Not to lose time, not to get caught,
Not to be left behind, not, please! to resemble
The beasts who repeat themselves, or a thing like water
Or stone whose conduct can be predicted, these
Are our common prayer, whose greatest comfort is music
Which can be made anywhere, is invisible,
And does not smell.


But I also take comfort in his solution/offer of another perspective:

In so far as we have to look forward
To death as a fact, no doubt we are right: But if
Sins can be forgiven, if bodies rise from the dead,
These modifications of matter into
Innocent athletes and gesticulating fountains,
Made solely for pleasure, make a further point:
The blessed will not care what angle they are regarded from,
Having nothing to hide. Dear, I know nothing of
Either, but when I try to imagine a faultless love
Or the life to come, what I hear is the murmur
Of underground streams, what I see is a limestone landscape.


2) And yet, there is a positive version of the desire to make each moment productive--not unreflectively productive of more Gross National Product, but of whatever it is that one most truly values. Love. Joy. Freedom. Choice. Beauty. It can come at too high a cost--and many devotees of Pater's gem-like flame could use some of Auden's relaxed approach--but I have always been drawn to his appeal to make each moment a significant one:

Every moment some form grows perfect in hand or face; some tone on the hills or the sea is choicer than the rest; some mood of passion or insight or intellectual excitement is irresistibly real and attractive to us, -- for that moment only. Not the fruit of experience, but experience itself, is the end. A counted number of pulses only is given to us of a variegated, dramatic life. How may we see in them all that is to seen in them by the finest senses? How shall we pass most swiftly from point to point, and be present always at the focus where the greatest number of vital forces unite in their purest energy?

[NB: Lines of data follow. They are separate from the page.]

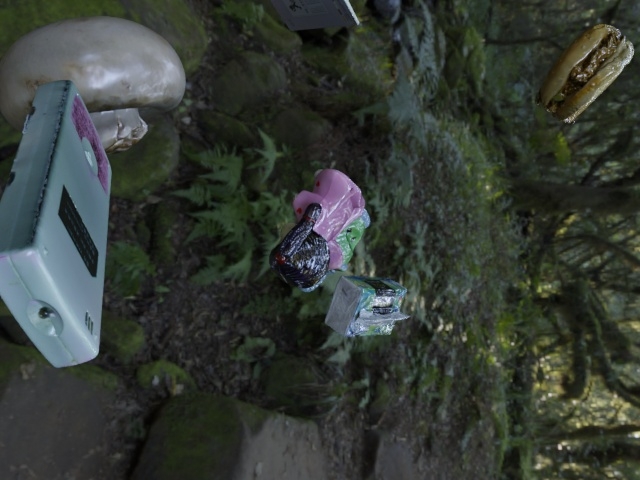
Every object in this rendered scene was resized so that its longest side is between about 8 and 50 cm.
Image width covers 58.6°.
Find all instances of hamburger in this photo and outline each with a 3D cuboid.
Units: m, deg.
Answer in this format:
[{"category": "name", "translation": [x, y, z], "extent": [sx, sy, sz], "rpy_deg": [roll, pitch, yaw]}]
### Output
[{"category": "hamburger", "translation": [0.525, -0.328, 1.132], "extent": [0.108, 0.213, 0.214], "rpy_deg": [43, 4, 15]}]

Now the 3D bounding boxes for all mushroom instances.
[{"category": "mushroom", "translation": [-0.451, -0.287, 1.164], "extent": [0.362, 0.363, 0.294], "rpy_deg": [-37, 114, -75]}]

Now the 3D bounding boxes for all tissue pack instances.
[{"category": "tissue pack", "translation": [0.079, 0.107, 0.885], "extent": [0.111, 0.079, 0.085], "rpy_deg": [7, 106, -45]}]

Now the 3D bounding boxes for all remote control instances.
[{"category": "remote control", "translation": [-0.270, -0.040, 0.602], "extent": [0.344, 0.050, 0.145], "rpy_deg": [-112, -170, -49]}]

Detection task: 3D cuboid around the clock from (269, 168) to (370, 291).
[{"category": "clock", "translation": [0.000, 0.000, 0.984], "extent": [0.195, 0.100, 0.194], "rpy_deg": [-57, 153, -17]}]

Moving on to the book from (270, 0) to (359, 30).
[{"category": "book", "translation": [-0.024, -0.440, 1.045], "extent": [0.127, 0.182, 0.014], "rpy_deg": [48, 66, -43]}]

To burn always with this hard, gemlike flame, to maintain this ecstasy, is success in life. In a sense it might even be said that our failure is to form habits: for, after all, habit is relative to a stereotyped world.... Not to discriminate every moment some passionate attitude in those about us, and in the very brilliancy of their gifts some tragic dividing of forces on their ways, is, on this short day of frost and sun, to sleep before evening.
(Conclusion to The Renaissance: online at http://www.victorianweb.org/authors/pater/renaissance/conclusion.html)

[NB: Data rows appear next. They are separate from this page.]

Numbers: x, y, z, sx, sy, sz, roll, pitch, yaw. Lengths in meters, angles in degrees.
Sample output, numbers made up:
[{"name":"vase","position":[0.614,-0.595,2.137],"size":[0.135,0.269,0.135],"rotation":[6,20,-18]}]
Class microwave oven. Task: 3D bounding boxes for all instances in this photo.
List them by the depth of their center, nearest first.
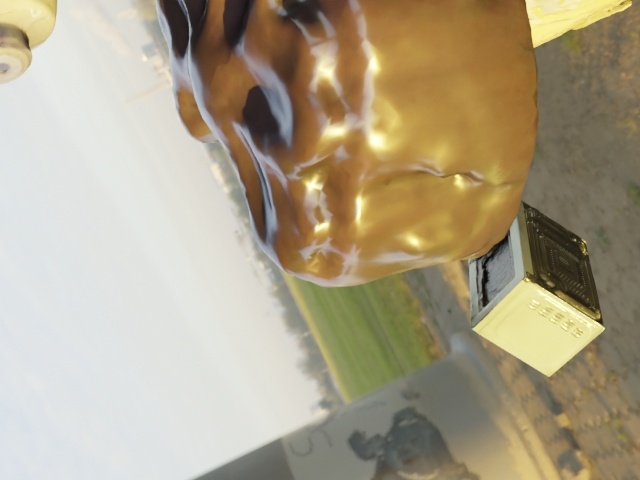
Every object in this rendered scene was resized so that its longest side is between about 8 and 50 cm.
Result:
[{"name":"microwave oven","position":[0.305,0.060,1.254],"size":[0.162,0.122,0.208],"rotation":[30,-147,-12]}]

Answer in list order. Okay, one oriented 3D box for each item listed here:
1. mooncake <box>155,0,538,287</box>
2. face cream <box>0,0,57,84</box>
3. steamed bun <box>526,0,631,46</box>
[{"name":"mooncake","position":[-0.001,-0.163,0.720],"size":[0.381,0.212,0.350],"rotation":[46,142,49]},{"name":"face cream","position":[-0.428,-0.375,1.025],"size":[0.137,0.235,0.420],"rotation":[110,139,-73]},{"name":"steamed bun","position":[0.247,-0.334,0.914],"size":[0.372,0.325,0.230],"rotation":[-20,99,60]}]

On another note, I find this simple language of the natural world almost unbearably poignant:

on this short day of frost and sun, to sleep before evening

or, from the Biblical prophetic writings (Jeremiah 2:2; loose translation):

you followed after me in the wilderness, in a land unsown

I've often felt that I don't know what to do, scarcely know who to be, or how I am to make my way in this world.

But as long as there are such words, such feelings, in it...I'll be all right, we'll be all right.

Each mortal thing does one thing and the same:
Deals out that being indoors each one dwells;
Selves -- goes itself; myself it speaks and spells,
Crying Whát I do is me: for that I came.


(I love Hopkins so much...poor God-wracked GMH, crying so often not What I do is me but rather, out of those depths the psalmist knew as well, the mind, mind has mountains; cliffs of fall / Frightful, sheer, no-man-fathomed...)


And yet another way of seeing it, from the chassidic tradition:

Reb Zusya said: In the world to come, I shall not be asked, "Why were you not Moses?" I shall be asked, "Why were you not Zusya?"

I know I'm not Moses, or Elizabeth Bishop, or Helen Vendler, or Abraham Joshua Heschel...

I may not be sure of what it means to be Rebecca B. (and I've had different conceptions of the matter over time) -- but I do have some sense...and I owe it to myself and to others to try to find out...

rather than to try to remake myself in some ready-made, readily-approved form -- a doll, or series of dolls, plastic but not pliable: Successful Lawyer Barbie, Star Professor Barbie, Mother of Precocious Darlings Barbie, Big-Shot Mover and Shaker Barbie...

Hold fast to that joy. And to the search for it. And to what it makes you. Hold on.

Hazak hazak v'nithazek: let us be strong and let us strengthen each other.